The most popular way to do this is with action creators. An action creator is a function which takes some data as parameters, then packages it up and dispatches it as an action.
var Actions = {
upvote: function(id) {
dispatcher.dispatch({
type: 'UPVOTE',
id: id
});
},
downvote: function(id) {
dispatcher.dispatch({
type: 'DOWNVOTE',
id: id
});
}
};
Then we call these actions from inside our <Votes /> component (which can become stateless again).
function Votes(props) {
var id = props.id;
return (
<div>
<a onClick={Actions.upvote.bind(null, id)}>▲</a>
<strong>{props.votes}</strong>
<a onClick={Actions.downvote.bind(null, id)}>▼</a>
</div>
);
}
This component now uses the action creators to dispatch actions for our Flux store(s) to handle.
If we look at the flow of data through our application, we can see that we now have a unidirectional cycle, rather than a tree.
The <Answer /> component passes the id down to the <Votes /> component.
The <Votes /> component dispatches an action using that id.
The AnswerStore processes the action and emits a change.
The <Answer /> component hears the update and updates its state, re-rendering its children.
Here's a jsfiddle of this demo application.
Scale Up
This is a very simple component that only handles a tiny amount of data flow and even less application state, however, it's enough to show you how to compose a React component and that's all you need to build a React app.
Let's imagine we were implementing a StackOverflow question as a React application.
function App() {
return (
<Page>
<Navigation />
<SideBar>
<MetaDetails />
<Ads />
<RelatedQuestions />
</SideBar>
<Question />
<AnswerList />
<AnswerEditor />
<Footer />
</Page>
);
}
It might seem like a complex application, but you can break it down and express it as distinct components, then you can implement and test the components individually, just like we did here and bring them altogether to form a complex application.
Don't Over Complicate
For most simple React applications like this one, Flux is not actually necessary. It's worth remembering that React was released over a year before Flux and yet it was adopted by a lot of developers regardless.
Of course, I've only really covered structuring and implementing components here. Taking an application from wireframes to deployment is a much more complicated process and there's no way it could be covered in detail in one answer. In time, you'll probably also want to learn about:
Package management and dependencies
Module bundlers
Routing
Hot Reloading
ES6/Babel
Redux
Server Side Rendering
Immutable Data
Inline Styles
Relay/Falcor/GraphQL
It takes some time to get through this list of things, the trick is not to rush. Don't overcomplicate your existing project until you find the reasons that these solutions exist, naturally.

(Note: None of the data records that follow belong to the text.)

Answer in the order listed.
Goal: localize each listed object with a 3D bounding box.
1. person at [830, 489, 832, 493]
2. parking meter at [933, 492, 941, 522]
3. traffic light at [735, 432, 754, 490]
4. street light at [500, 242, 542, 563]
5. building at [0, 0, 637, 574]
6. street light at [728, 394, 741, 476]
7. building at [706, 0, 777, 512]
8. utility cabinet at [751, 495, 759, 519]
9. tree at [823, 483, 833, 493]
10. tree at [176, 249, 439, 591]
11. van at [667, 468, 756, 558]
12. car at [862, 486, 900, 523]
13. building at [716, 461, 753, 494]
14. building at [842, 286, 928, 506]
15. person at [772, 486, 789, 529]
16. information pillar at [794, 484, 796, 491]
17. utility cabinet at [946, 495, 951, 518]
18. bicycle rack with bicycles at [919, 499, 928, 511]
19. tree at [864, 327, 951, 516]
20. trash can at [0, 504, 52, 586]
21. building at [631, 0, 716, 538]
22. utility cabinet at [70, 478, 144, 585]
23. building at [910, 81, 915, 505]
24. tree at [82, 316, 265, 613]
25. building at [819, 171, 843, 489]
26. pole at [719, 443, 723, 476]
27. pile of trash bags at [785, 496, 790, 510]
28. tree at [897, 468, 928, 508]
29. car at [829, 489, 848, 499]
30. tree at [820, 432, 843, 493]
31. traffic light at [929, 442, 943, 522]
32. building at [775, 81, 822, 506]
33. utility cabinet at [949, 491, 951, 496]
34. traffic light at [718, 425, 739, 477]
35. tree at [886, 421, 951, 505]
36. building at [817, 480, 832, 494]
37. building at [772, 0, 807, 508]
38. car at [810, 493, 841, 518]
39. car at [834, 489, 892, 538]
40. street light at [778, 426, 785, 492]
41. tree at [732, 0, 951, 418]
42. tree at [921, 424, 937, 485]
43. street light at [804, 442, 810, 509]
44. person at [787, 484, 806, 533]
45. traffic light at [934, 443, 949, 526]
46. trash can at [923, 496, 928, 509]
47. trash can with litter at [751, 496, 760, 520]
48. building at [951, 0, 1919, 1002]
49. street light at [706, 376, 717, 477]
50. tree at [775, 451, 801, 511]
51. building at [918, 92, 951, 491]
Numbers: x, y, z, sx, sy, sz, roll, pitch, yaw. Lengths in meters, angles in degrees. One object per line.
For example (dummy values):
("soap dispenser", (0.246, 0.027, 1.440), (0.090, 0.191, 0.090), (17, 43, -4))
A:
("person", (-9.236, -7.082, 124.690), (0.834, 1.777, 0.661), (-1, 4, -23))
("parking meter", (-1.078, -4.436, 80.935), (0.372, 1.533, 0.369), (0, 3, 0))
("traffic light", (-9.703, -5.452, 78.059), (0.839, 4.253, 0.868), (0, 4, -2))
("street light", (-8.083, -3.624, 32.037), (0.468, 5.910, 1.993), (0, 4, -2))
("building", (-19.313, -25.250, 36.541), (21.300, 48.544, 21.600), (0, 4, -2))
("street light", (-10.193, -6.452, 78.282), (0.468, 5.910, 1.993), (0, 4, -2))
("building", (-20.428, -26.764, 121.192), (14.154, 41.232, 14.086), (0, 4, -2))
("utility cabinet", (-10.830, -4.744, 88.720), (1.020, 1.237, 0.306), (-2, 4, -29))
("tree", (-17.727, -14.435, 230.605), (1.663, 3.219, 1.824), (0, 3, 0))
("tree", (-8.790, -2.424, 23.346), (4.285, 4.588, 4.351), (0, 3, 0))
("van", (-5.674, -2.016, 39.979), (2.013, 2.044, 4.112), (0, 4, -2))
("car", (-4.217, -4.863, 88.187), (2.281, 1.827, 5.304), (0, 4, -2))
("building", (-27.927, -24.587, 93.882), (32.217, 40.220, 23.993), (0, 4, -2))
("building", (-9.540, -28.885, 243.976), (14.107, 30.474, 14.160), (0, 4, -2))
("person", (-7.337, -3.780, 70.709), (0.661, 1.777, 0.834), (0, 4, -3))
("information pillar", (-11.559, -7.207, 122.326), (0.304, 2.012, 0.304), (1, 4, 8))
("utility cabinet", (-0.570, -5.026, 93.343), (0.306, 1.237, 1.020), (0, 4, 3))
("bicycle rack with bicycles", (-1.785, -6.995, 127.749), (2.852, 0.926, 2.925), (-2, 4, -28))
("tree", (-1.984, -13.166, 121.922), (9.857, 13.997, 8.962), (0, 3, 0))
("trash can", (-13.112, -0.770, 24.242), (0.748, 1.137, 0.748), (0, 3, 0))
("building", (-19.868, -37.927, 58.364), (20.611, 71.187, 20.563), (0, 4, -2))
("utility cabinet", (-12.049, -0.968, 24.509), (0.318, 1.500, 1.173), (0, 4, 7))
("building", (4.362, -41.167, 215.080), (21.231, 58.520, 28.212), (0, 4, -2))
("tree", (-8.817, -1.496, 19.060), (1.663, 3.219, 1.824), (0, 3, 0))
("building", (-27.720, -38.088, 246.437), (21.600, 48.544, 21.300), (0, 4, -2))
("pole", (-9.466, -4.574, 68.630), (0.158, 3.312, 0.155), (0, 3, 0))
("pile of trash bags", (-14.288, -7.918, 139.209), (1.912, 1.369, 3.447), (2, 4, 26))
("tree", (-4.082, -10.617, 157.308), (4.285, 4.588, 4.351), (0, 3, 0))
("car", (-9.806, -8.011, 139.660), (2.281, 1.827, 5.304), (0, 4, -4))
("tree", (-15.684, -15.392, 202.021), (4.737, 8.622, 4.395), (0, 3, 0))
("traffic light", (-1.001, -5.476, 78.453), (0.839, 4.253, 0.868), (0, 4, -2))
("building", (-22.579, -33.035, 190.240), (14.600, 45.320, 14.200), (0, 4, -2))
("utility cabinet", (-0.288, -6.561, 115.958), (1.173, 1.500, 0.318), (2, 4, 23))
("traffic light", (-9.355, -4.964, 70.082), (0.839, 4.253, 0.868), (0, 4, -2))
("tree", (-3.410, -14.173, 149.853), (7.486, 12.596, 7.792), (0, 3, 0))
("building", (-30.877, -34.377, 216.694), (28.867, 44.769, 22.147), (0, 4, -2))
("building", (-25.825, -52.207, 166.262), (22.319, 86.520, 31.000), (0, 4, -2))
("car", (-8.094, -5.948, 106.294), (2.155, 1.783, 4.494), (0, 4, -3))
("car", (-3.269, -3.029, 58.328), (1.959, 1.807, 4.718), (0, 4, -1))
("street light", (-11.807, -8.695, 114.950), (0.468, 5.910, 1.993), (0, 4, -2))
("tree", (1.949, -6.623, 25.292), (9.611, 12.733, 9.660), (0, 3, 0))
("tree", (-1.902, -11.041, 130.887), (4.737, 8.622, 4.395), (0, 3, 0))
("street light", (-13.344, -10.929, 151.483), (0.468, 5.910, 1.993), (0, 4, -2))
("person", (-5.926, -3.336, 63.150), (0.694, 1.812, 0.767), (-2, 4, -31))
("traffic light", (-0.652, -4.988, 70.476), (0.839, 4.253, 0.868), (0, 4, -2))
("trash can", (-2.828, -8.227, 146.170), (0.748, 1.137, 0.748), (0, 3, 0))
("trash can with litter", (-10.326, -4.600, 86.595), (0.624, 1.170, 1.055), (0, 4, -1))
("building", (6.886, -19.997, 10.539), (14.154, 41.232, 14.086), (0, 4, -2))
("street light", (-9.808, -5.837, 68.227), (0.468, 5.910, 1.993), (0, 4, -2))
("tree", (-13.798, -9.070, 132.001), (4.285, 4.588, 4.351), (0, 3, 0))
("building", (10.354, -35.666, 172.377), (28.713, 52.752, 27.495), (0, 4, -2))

I think react-howto is the best guide out there. Although it's not heavy on detail, it links to a lot of good resources and most importantly it provides an opinionated guide to the order in which you should learn these technologies on your way to becoming a competent ReactJS developer.
The choice of framework (Angular/React) does not prevent building any of the functionality you described, and your site could be built with neither, either, or both of those frameworks.
While you certainly could combine Angular and React, I'm not sure why you would want to, and it's not going to be the easiest of tasks. It's doable, of course, but it's going to provide a lot of difficulty for very little ultimate gain.
If you want to build a SPA with React, I would focus more on finding a Flux implementation that you like, and learning how to integrate that. Flux is designed specifically with React in mind to handle large SPAs which might have complicated data flow, and it's certainly a tool that is easier to incorporate early on.
The only other library I would consider out of the gate would be Immutable.js, which pairs very well with both React and Flux.
But otherwise, until you find a need to bring in additional frameworks/libraries, attempt to hold off. With all of the exciting JS frameworks out there, it's tempting to want to use them all, but in reality you're better off picking one to focus on, and then maybe bringing in some tools from another later on when they are necessitated.